### Exercise brief
Using the data below, report how many lines hold the word "ezdxf". Include nothing else in the reply.

*** Provided records ***

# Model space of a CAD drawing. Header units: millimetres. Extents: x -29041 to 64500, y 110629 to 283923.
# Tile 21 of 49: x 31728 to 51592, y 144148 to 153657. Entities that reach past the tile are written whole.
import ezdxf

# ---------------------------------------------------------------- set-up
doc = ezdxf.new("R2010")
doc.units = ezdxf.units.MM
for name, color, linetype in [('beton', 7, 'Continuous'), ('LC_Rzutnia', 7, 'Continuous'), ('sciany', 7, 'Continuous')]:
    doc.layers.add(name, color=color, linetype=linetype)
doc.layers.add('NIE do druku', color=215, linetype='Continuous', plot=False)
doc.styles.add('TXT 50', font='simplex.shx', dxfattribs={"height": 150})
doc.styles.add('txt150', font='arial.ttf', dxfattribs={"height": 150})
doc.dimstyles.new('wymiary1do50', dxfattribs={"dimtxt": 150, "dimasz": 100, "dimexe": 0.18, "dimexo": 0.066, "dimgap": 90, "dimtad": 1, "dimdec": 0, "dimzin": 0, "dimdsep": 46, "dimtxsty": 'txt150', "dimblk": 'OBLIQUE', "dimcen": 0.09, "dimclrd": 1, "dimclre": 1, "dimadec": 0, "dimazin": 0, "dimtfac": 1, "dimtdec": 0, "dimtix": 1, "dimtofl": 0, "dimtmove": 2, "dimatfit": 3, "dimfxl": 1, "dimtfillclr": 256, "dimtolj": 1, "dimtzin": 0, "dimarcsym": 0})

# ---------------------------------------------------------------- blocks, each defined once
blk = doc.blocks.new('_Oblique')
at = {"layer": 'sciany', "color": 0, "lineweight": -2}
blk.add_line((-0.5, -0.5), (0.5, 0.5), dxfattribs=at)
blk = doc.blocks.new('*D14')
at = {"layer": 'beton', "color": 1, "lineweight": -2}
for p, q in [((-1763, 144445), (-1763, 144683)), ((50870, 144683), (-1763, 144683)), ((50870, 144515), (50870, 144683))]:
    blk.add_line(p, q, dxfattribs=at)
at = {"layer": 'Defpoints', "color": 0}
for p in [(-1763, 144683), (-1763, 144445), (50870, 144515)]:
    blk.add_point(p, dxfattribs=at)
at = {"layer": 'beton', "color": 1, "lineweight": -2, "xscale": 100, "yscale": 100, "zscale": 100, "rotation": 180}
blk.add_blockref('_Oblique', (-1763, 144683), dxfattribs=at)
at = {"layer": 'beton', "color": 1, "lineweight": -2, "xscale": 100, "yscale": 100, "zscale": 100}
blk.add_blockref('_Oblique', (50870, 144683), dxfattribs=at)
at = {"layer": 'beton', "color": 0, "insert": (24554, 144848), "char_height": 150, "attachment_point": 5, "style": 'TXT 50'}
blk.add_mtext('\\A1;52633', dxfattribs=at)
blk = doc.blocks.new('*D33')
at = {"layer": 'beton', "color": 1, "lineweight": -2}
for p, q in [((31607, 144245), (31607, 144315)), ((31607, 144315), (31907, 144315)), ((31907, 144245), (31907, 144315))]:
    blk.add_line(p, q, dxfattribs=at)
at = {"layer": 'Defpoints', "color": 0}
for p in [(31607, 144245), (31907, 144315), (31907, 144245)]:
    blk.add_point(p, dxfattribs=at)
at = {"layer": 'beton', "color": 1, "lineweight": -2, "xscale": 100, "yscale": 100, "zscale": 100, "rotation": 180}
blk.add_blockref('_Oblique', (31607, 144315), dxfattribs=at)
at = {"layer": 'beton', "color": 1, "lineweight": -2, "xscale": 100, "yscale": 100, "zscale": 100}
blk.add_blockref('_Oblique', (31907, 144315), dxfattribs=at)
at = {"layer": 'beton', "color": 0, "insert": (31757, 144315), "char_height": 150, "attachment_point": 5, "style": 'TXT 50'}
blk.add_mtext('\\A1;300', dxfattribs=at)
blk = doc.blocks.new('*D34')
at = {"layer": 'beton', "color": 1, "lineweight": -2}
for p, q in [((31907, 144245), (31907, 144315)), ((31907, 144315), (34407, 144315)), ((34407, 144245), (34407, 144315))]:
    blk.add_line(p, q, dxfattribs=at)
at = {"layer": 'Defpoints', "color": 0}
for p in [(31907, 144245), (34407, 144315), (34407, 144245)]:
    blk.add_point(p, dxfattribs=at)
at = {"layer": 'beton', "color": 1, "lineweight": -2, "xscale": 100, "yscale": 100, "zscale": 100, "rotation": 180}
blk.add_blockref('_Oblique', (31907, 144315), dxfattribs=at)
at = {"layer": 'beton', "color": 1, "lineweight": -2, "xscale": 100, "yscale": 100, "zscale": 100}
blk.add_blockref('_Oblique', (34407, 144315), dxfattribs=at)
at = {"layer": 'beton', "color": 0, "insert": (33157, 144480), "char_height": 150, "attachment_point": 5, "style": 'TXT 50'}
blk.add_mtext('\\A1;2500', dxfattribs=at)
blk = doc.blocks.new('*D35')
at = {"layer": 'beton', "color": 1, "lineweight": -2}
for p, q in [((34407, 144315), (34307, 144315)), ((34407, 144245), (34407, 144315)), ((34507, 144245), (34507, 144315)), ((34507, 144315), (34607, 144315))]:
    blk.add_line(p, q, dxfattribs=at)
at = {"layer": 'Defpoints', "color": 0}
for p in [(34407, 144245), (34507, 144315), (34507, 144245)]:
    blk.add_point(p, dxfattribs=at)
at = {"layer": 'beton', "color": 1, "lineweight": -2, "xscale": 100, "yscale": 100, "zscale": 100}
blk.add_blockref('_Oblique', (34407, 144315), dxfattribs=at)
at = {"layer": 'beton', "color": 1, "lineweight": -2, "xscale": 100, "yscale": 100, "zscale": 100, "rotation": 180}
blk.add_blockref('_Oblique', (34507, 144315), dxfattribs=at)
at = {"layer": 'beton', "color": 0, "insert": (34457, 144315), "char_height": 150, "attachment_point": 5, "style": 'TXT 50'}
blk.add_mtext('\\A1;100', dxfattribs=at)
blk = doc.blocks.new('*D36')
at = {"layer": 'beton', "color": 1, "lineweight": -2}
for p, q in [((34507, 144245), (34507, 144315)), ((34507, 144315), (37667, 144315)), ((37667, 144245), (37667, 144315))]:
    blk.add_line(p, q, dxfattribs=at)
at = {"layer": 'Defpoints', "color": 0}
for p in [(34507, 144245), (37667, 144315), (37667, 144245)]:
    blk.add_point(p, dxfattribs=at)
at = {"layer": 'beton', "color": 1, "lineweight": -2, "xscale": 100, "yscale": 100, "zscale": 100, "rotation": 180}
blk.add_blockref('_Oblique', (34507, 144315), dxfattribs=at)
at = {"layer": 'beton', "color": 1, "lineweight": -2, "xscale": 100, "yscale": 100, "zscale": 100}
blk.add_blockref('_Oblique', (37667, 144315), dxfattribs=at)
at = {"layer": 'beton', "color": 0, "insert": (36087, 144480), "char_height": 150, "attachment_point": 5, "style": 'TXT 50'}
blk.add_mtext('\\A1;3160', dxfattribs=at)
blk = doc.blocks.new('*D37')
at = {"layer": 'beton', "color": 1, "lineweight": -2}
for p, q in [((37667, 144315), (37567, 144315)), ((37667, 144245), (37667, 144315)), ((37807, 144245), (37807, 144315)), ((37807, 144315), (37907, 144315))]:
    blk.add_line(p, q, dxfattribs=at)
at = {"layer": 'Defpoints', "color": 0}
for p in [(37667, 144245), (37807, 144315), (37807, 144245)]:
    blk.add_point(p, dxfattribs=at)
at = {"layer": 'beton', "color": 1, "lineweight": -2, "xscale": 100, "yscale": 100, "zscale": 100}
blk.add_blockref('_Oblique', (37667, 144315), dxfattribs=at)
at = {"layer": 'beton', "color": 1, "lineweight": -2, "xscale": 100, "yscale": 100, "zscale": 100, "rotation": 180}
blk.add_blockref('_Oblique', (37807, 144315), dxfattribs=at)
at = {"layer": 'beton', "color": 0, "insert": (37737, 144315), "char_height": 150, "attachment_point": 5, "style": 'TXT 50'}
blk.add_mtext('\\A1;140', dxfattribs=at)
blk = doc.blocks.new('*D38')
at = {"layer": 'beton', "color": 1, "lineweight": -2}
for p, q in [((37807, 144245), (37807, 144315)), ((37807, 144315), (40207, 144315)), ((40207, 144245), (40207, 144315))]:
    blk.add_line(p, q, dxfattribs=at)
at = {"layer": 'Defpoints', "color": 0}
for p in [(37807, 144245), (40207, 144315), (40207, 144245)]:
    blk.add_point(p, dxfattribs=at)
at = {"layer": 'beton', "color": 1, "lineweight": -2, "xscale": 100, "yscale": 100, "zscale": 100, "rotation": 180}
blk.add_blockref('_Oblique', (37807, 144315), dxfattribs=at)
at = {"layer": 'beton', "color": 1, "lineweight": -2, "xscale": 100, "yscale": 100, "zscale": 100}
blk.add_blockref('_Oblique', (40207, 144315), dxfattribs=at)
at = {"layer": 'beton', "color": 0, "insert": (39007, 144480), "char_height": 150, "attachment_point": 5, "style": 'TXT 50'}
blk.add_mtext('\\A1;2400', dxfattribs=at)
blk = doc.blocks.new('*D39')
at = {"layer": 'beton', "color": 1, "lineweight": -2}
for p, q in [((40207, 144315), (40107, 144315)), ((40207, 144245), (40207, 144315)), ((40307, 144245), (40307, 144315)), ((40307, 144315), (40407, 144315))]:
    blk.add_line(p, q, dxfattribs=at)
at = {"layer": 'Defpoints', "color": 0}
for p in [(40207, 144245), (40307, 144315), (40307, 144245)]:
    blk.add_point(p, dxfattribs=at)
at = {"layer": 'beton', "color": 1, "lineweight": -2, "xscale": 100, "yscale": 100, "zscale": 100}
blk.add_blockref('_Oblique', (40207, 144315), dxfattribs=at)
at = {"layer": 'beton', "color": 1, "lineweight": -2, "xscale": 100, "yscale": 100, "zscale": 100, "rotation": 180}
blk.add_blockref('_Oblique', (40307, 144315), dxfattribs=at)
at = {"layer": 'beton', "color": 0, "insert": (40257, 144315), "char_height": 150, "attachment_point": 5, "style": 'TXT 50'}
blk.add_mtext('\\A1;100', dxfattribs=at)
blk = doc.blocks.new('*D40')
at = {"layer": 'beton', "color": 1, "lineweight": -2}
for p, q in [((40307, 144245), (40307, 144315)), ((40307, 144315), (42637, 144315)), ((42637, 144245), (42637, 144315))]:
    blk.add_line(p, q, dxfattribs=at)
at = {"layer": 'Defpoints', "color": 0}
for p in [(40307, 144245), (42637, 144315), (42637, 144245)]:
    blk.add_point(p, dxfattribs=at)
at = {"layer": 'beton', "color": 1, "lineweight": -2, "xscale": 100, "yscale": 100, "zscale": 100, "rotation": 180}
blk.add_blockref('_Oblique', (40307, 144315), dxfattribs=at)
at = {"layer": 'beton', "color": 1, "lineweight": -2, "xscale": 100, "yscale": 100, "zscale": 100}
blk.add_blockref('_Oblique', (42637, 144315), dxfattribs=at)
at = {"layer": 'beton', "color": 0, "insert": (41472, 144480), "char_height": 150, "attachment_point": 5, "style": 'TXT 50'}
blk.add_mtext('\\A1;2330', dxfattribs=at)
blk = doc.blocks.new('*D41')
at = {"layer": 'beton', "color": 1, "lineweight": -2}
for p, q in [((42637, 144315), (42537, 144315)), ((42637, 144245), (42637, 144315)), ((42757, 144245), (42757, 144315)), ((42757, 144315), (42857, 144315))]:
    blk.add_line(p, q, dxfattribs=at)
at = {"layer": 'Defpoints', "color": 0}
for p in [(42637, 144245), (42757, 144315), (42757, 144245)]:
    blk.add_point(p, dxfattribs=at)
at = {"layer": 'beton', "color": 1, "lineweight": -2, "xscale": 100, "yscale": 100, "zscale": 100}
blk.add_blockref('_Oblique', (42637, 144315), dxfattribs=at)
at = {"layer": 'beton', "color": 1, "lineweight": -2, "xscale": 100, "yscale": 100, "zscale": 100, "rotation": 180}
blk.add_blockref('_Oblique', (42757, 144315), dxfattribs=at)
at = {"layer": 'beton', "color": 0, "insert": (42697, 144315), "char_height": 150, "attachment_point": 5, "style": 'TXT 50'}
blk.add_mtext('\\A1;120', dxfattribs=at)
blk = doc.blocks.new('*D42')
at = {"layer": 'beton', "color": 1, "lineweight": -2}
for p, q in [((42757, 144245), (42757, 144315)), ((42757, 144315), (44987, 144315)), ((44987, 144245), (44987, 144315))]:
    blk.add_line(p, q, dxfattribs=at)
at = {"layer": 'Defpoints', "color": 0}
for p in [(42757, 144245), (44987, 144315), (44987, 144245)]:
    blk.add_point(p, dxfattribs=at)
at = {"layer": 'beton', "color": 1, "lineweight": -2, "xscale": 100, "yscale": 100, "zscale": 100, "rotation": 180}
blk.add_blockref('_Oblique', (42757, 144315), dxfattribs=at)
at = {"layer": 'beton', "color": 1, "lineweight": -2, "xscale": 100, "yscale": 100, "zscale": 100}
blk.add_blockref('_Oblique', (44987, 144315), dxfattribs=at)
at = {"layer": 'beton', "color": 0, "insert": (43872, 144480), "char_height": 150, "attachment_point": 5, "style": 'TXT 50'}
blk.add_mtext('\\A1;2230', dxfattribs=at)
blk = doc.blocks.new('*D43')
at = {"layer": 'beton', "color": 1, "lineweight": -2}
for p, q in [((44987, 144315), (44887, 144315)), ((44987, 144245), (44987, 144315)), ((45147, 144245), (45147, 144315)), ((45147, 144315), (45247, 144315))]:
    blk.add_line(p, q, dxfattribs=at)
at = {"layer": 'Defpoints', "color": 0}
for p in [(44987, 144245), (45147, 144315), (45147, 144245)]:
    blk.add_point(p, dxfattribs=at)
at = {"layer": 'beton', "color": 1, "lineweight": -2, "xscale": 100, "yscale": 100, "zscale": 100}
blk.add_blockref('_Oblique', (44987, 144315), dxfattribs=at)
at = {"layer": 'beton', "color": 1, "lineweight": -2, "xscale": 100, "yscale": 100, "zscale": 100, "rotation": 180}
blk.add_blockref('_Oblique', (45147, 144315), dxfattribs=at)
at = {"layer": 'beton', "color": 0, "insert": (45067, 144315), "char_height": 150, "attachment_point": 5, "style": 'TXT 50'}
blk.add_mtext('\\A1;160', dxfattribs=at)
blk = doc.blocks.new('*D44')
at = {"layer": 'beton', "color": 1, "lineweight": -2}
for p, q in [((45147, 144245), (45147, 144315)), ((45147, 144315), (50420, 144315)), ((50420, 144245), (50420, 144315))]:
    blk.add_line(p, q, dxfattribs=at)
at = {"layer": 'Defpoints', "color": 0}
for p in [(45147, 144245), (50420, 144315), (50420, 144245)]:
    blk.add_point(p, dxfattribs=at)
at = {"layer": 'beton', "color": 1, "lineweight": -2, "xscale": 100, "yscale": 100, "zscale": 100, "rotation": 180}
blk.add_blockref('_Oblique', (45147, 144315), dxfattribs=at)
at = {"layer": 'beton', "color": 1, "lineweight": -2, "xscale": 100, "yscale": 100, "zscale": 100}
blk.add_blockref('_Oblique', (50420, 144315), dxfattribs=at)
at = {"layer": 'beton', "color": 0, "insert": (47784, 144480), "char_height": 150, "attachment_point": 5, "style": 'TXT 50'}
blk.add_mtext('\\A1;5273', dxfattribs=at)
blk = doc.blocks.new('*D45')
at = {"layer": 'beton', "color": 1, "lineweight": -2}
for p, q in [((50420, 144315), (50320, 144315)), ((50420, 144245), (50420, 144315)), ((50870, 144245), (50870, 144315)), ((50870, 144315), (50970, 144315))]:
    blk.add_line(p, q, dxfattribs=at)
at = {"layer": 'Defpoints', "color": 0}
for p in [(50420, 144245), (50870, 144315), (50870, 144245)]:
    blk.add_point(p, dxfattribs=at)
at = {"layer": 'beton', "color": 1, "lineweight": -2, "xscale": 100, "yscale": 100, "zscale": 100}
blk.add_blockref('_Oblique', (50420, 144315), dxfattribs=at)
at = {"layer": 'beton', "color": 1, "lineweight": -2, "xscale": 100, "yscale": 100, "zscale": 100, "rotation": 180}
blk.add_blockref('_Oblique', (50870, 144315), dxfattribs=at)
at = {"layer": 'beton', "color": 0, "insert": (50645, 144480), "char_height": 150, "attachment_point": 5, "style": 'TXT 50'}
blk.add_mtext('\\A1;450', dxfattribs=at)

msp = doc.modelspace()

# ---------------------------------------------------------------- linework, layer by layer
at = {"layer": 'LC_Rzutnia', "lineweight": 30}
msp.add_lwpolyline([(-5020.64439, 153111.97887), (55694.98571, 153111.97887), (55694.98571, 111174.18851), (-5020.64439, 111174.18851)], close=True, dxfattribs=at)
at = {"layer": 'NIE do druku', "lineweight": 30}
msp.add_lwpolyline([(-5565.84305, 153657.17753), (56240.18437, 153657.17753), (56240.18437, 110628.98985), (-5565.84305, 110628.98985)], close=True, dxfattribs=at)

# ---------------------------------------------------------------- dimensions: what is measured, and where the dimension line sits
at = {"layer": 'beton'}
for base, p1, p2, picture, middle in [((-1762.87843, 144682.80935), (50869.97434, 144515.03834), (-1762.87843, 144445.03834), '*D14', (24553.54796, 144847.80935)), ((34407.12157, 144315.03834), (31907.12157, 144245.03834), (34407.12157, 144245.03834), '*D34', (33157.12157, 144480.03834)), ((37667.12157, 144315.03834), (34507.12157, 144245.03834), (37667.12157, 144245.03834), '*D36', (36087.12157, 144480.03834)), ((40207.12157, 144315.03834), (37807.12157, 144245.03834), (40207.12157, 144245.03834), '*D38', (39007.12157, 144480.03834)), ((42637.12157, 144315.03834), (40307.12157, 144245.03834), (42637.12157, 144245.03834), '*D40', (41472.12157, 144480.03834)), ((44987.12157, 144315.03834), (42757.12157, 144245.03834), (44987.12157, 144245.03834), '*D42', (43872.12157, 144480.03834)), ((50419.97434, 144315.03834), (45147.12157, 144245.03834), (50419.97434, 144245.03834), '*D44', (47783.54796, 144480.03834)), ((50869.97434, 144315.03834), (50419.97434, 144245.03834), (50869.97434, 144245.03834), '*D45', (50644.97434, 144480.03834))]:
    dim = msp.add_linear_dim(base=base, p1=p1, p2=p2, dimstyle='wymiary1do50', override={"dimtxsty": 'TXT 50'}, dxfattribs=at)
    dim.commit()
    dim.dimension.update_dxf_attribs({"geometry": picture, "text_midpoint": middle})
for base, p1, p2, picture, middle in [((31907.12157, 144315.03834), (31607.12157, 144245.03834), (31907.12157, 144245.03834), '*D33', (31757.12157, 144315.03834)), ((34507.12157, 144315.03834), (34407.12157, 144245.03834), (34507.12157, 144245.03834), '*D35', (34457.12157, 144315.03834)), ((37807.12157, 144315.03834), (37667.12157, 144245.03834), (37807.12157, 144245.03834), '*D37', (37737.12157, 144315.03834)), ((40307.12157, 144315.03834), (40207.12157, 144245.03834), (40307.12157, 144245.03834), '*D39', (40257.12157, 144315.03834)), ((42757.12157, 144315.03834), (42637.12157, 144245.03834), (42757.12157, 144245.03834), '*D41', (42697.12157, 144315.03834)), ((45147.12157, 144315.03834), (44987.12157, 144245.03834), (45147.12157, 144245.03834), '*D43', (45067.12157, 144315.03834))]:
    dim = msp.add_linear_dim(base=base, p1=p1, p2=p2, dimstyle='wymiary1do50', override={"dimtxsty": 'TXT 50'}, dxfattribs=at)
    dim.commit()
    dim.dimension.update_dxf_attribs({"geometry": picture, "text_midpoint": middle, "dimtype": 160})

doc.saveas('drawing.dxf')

*** End of Provided records ***

### Task output
3